*Problem description*
Return exactly the lines below, starting with the one that has "26) person at [1072, 900, 1286, 1079]" and going on through the one that has "32) person at [1503, 137, 1539, 283]".

Data records:
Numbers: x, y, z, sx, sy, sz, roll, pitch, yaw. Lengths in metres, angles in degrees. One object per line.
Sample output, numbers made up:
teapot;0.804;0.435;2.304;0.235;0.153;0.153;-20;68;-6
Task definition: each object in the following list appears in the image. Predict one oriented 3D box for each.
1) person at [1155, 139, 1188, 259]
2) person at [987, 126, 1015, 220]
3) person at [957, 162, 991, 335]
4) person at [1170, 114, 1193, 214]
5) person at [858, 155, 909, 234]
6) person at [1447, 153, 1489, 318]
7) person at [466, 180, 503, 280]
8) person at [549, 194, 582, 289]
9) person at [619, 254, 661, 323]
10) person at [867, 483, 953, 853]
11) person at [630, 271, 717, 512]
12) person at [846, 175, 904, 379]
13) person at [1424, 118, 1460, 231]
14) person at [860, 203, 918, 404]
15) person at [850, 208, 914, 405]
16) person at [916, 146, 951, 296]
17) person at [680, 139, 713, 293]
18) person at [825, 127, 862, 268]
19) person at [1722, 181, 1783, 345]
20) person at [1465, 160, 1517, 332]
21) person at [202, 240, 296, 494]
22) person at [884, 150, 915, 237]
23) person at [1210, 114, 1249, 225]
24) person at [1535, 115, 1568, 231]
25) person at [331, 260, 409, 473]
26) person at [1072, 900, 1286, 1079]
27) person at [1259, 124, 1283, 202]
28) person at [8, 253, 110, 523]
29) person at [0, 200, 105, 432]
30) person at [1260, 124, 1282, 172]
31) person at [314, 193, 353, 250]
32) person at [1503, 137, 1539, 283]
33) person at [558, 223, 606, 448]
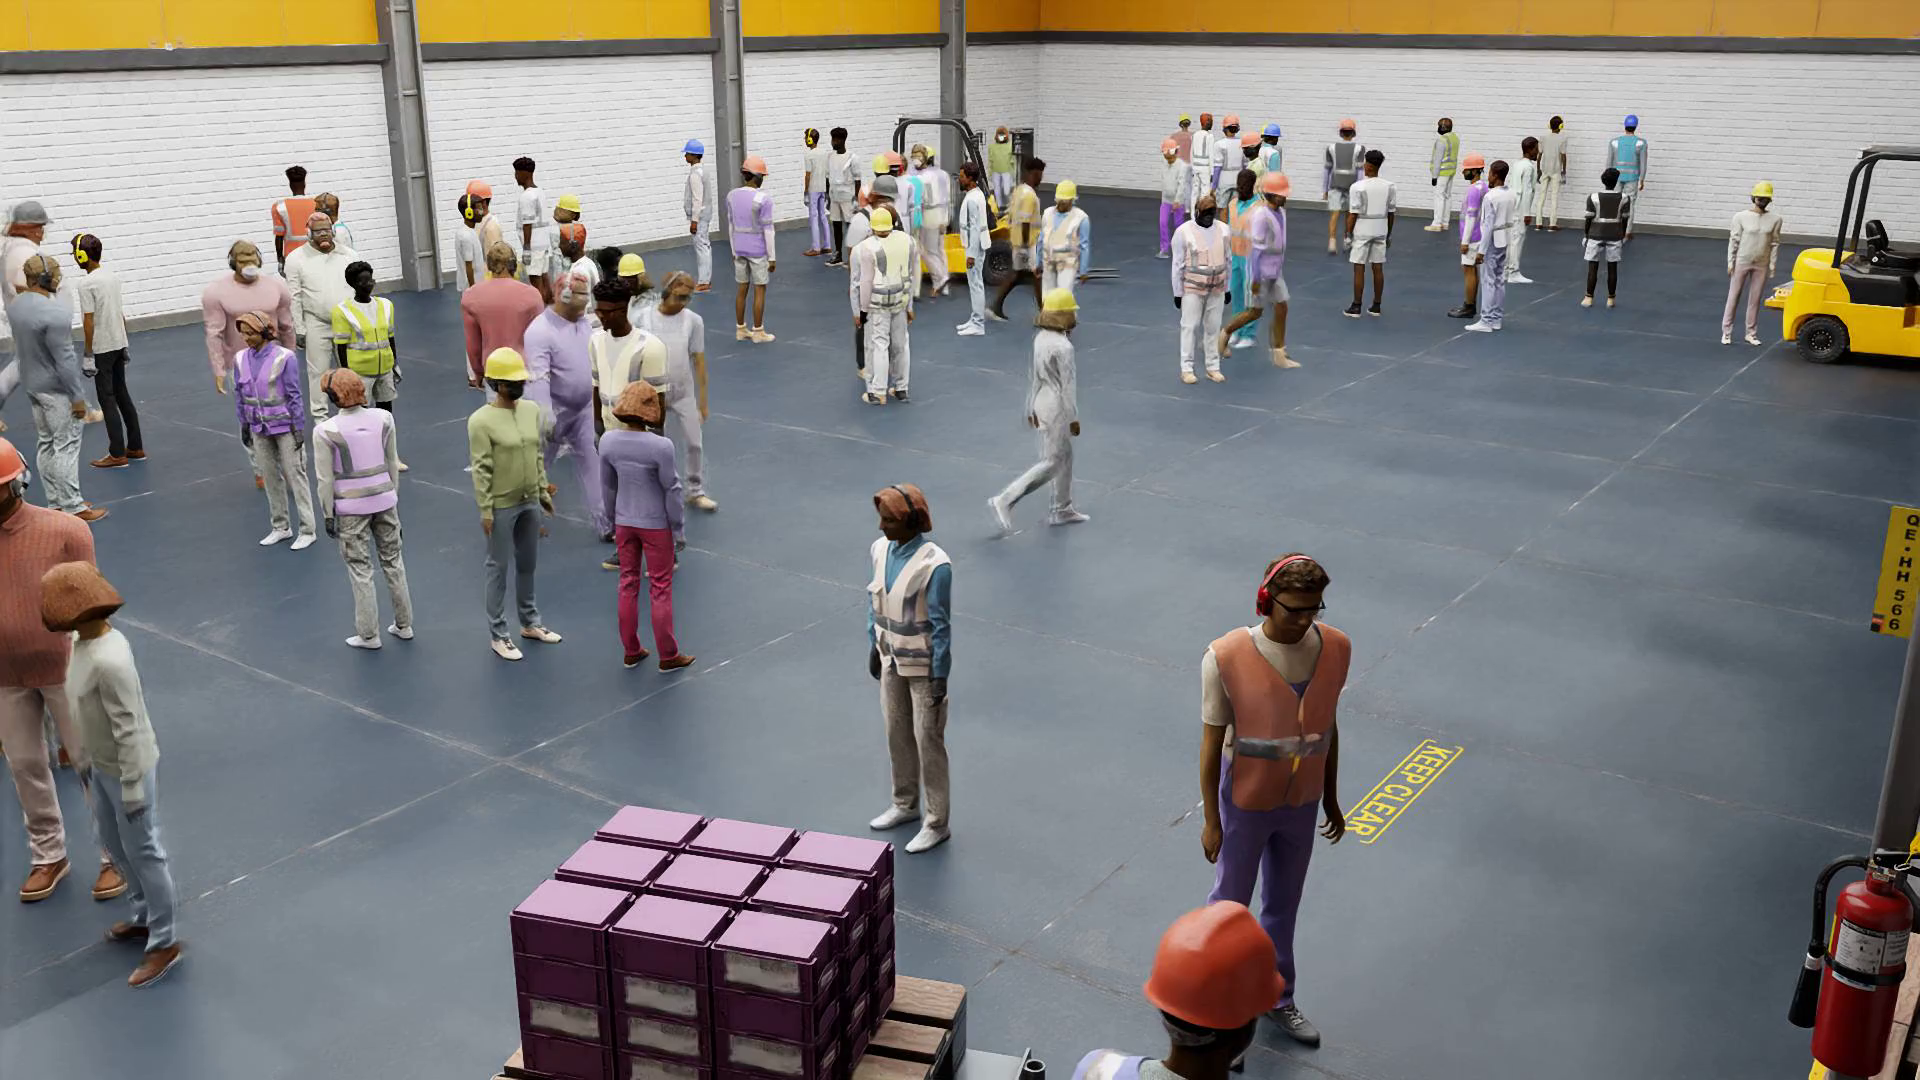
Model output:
person;3.086;-4.980;24.358;0.538;1.713;0.634;15;23;39
person;0.709;-6.287;28.609;0.501;1.623;0.337;5;18;16
person;0.153;-3.265;18.665;0.398;1.920;0.588;1;18;2
person;3.991;-6.728;29.767;0.530;1.754;0.342;-3;18;-8
person;-0.924;-3.679;20.001;0.582;1.890;0.899;-4;18;-13
person;6.031;-3.600;19.699;0.388;1.930;0.544;8;20;24
person;-4.731;-2.623;16.652;0.381;1.934;0.551;-10;20;-28
person;-4.010;-2.696;17.182;0.305;1.737;0.484;6;19;19
person;-2.518;-1.368;13.017;0.492;1.742;0.317;-1;18;-3
person;-0.211;0.540;7.229;0.312;1.631;0.529;-14;23;-38
person;-2.083;-1.027;11.872;0.625;1.811;0.423;-3;18;-10
person;-0.784;-2.600;16.390;0.539;2.000;0.699;14;23;37
person;7.958;-6.024;27.437;0.430;1.836;0.626;15;23;38
person;-0.690;-2.188;15.422;0.626;1.844;0.429;-15;23;-39
person;-0.715;-2.155;15.361;0.602;1.819;0.403;-6;19;-18
person;-0.367;-4.041;21.136;0.469;1.891;0.696;15;23;39
person;-3.373;-4.174;21.457;0.380;1.951;0.605;0;18;-1
person;-1.667;-4.843;23.526;0.612;1.962;0.361;13;22;34
person;8.617;-3.006;18.097;0.525;1.772;0.305;2;18;5
person;6.059;-3.327;18.861;0.381;1.918;0.596;16;24;41
person;-5.237;-1.262;12.408;0.648;1.910;0.768;-10;20;-29
person;-0.806;-3.694;19.992;0.544;1.930;0.388;-10;20;-28
person;4.024;-5.343;24.966;0.615;2.041;0.391;-7;19;-22
person;9.754;-6.038;27.437;0.520;1.862;0.328;15;23;39
person;-4.596;-1.325;12.953;0.318;1.700;0.535;13;22;36
person;0.466;1.618;3.384;0.544;1.931;0.383;15;23;39
person;4.513;-5.119;24.437;0.415;1.939;0.605;-5;19;-17
person;-6.389;-1.050;11.727;0.636;1.931;0.377;13;22;34
person;-8.067;-1.948;14.350;0.985;2.000;0.678;-16;24;-41
person;4.944;-5.851;27.004;0.526;1.768;0.315;5;18;14
person;-6.079;-2.475;16.321;0.350;1.843;0.506;-9;20;-25
person;7.503;-4.421;22.281;0.394;1.920;0.587;1;18;2
person;-3.112;-1.683;13.796;0.351;1.878;0.568;-3;18;-8

*The completed task*
26) person at [1072, 900, 1286, 1079]
27) person at [1259, 124, 1283, 202]
28) person at [8, 253, 110, 523]
29) person at [0, 200, 105, 432]
30) person at [1260, 124, 1282, 172]
31) person at [314, 193, 353, 250]
32) person at [1503, 137, 1539, 283]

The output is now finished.